Now in the 1980's through the early 1990's, I've read that hydrochlorofluorcarbons were the blowing agents. Therefore assume 3% $CF_3 CH_2 F$ (refrigerant R134a) to replace the blowing agents of the previous paragraph. If this is a bad assumption, please correct it.

Assume air is, in vol %, ($N_2$,78.08%), ($O_2$,20.95%), (Ar, 0.93%), ($CO_2$, 0.04%) where the $CO_2$ percentage has been made to take up the slack in trace elements so the total for air is 100% by volume.

I want a table in atomic percent for each element for a block of EPS. The elements are C, H, N, O, Ar, Br, F. I especially want feedback if the assumptions are way out-of-line.

ADDED: Here is a quote that suggest the blowing agent, or at least part of it, stays in the foam.
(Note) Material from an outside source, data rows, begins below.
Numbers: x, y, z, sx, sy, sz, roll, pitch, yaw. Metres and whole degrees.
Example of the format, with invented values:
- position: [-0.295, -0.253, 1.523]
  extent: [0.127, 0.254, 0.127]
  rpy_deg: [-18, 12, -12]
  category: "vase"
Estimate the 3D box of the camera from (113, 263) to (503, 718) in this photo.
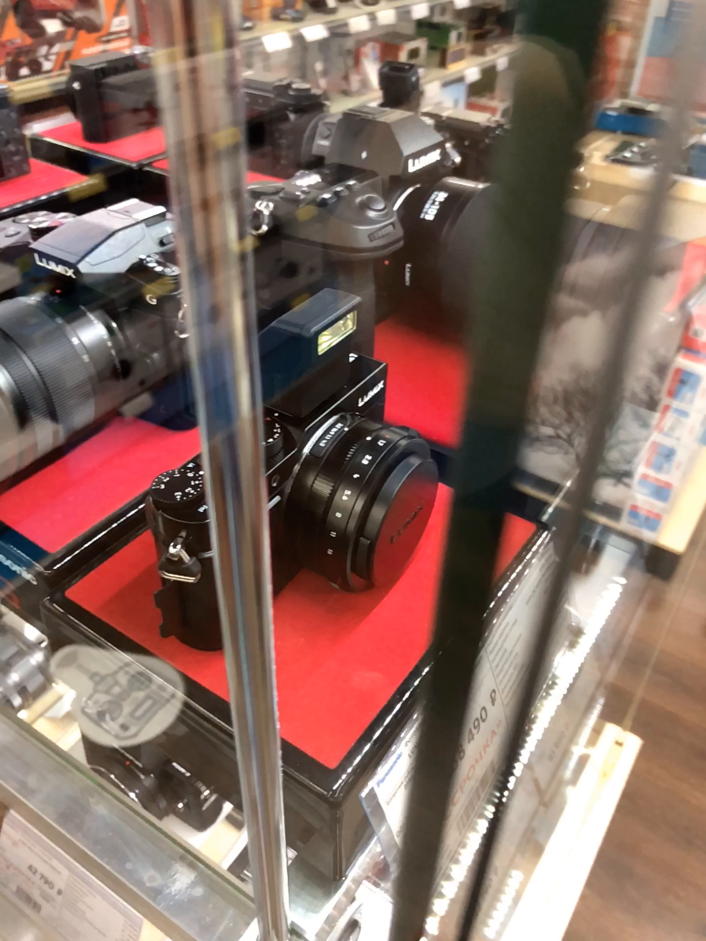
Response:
- position: [-0.009, 0.000, 0.280]
  extent: [0.069, 0.098, 0.117]
  rpy_deg: [22, 42, 24]
  category: "camera"

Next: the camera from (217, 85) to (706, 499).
- position: [0.075, -0.116, 0.428]
  extent: [0.226, 0.114, 0.176]
  rpy_deg: [23, 42, 24]
  category: "camera"

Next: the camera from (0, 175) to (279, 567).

As stated, the foam is meant to be 'old' as in late 1980's to early 1990's. 'A wide range of concentrations of CFC-12 (dichlorodifluorocarbon) was detected in styrofoam ware. It fluctuated between a low of 32 ppm and a high of 35471 ppm in two different samples of styrofoam plates.' In abstract of Environ Monit Asses. 1991 Oct; (1-3): 413-22 'The determination of chlorofluorocarbons and extractives in the expanded and disposable polystyrene ware' by C.T. Sam & T.H. Chua.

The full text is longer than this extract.